GPU cards were originally designed for graphics. Over years, their powerful massively parallel architectures became used for AI and HPC computations. High level frameworks, like Tensorflow or Pytorch in the deep-learning field, permitted wide adoption by hiding complexity from lower programming layers like CUDA.
Now OpenACC or OpenMP permit easy parallelization of your C,C++, Fortran source code and its offloading to an accelerator such as a GPU card. Offloading means that your code will be run in part on your machine’s CPU and in part on the GPU.
For that to happen you’ll need :
- a GPU card with error correction memory (ECC). Without ECC, undetected memory bit value changes may occur while your code is running. While this is considered acceptable for graphics (a bad pixel) or deep-learning (iterations will compensate), this is usually not for numerical simulations. But most consumer GPUs, like GeForce cards on the laptops, don’t have ECC. Too bad. So you can play with offloading on your laptop, but don’t trust the results unless you checked your GPU configuration.
- a compiler with support for OpenACC and GPU offloading such as PGI or gcc. Some recent Linux distros have pre-built packages, for example on a Fedora 31 : yum install gcc-offload-nvptx (from the so-fedora repo).
- adding support for OpenACC in your source code by identifying where data parallelism stands and adding information for the compiler to exploit it with #pragma acc (C/C++) or !$ACC (Fortran) directives. The source code itself is unchanged, only a few preprocessor-like lines are added.
- re-compiling your code.
Inria Sophia Antipolis computation platform – Nef is now ready for OpenACC offloading. It includes :
- several Nvidia GPU cards with ECC activated : Tesla V100, Quadro RTX6000, Tesla T4, Tesla K80.
- PGI and gcc versions with OpenACC offloading support to Nvidia GPUs (NVPTX).
- FAQs explaining how to use it with gcc and PGI.
OK nice, but is there really a performance gain ? We tested OpenACC offloading to Nvidia GPU with the matrix multiplication sample code from gcc OpenACC page.
First test is comparing a 3000×3000 matrix multiplication without and with OpenACC NVPTX offloading, with types double and float, with compilers gcc and pgi, with GPU V100 T4 and RTX6000.
Speed gain between sequential code execution (1 CPU core) and offloading (1 CPU core + 1 GPU) is in the x6 – x45 range. While gcc and PGI are equivalent for sequential code, PGI is far ahead for code with offloading : gcc documentation indicates that OpenACC support is not yet performance optimized.

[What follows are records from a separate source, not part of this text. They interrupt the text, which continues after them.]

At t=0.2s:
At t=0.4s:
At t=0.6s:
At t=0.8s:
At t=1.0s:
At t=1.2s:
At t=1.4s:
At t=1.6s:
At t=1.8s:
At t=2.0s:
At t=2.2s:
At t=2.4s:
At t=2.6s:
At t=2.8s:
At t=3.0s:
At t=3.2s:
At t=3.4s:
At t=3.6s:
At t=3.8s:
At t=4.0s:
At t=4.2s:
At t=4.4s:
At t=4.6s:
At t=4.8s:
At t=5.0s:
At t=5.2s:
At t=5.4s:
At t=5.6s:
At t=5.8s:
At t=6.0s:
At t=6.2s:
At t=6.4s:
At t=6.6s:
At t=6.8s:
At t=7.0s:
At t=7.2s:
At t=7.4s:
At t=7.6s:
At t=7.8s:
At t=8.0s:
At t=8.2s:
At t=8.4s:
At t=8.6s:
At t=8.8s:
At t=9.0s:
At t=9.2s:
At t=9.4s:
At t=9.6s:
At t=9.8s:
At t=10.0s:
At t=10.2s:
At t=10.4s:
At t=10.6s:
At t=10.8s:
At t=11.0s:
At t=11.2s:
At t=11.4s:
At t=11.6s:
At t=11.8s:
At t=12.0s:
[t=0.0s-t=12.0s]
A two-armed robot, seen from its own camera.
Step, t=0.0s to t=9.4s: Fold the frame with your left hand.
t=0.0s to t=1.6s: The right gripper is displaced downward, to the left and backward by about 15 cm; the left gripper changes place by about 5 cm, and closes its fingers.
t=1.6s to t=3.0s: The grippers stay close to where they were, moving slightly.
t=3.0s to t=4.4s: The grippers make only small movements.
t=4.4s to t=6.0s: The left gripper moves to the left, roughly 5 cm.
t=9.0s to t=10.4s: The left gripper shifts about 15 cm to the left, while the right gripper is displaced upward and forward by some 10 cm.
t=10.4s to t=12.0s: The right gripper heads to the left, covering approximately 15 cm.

Second test is a 9000×9000 matrix multiplication with OpenACC NVPTX offloading, with types double and float, with compilers gcc and pgi, with GPU V100 T4 and RTX6000.
PGI performance gain over gcc is in the x1.5 – x6 range. While gcc performance is barely equivalent on those recent (Volta/Turing) GPUs, PGI better matches the nominal GPU performance specs ; for example it gives a x3 perf ratio between V100 and T4, as marketed by Nvidia.

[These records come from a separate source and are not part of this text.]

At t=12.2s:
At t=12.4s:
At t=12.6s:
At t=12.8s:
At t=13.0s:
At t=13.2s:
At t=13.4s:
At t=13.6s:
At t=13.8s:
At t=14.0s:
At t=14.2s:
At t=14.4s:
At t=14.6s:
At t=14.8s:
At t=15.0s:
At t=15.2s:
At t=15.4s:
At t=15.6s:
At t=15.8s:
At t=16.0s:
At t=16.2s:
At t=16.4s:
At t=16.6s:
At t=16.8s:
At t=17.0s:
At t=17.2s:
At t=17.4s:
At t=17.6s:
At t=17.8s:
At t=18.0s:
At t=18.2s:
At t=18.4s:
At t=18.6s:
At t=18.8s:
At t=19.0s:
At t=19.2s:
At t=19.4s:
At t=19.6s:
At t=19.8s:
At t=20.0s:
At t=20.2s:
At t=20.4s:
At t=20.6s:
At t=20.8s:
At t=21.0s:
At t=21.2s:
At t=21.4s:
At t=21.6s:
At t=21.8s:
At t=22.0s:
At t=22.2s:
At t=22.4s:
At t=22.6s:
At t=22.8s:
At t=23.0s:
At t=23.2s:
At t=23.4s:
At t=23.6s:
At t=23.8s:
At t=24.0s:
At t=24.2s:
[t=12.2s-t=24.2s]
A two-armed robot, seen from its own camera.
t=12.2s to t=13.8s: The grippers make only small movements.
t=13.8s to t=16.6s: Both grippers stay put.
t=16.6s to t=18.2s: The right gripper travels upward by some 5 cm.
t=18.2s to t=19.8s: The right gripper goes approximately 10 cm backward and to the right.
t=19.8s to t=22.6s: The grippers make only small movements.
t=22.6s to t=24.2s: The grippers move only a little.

The Nvidia profiler tools are useful for analyzing and tuning your code. Please note that CUDA 10.0 (current version on Nef) still uses the legacy nvprof / nvvp tools, while CUDA 10.1 adds support for newer nsys / nsight. On Nef to profile a code named matrix_mult_binary and view the results with the GUI :
module load cuda/10.0
nvprof -o resfile.nvvp ./matrix_mult_binary
nvvp &
# in nvvp GUI : File > Open : resfile.nvvp
For all “test 2” cases (9000×9000 matrix multiplication), profiling shows that >85% of the elapsed time is for execution of the offloaded code on the GPU (cuStreamSynchronize), while <5% in the data copy to/from the GPU (CUDA memcpy HtoD and DtoH). All data transfers to/from the GPU occur before and after computation on the GPU. This is coherent with the #pragma acc kernels copy in the test code, which also does not exceed the GPU memory. Thus our “test 2” cases really measure the offloaded code execution performance on the GPU.
Conclusion is that OpenACC GPU offloading permits huge performance gains (especially with PGI), hopefully with a reasonable effort. Finer optimization can nevertheless become a complex mix of coding, compiler and infrastructure.
Real world codes probably want to combine CPU parallelization (OpenMP) and offloading, datasets exceeding the GPU memory. We did not test that yet.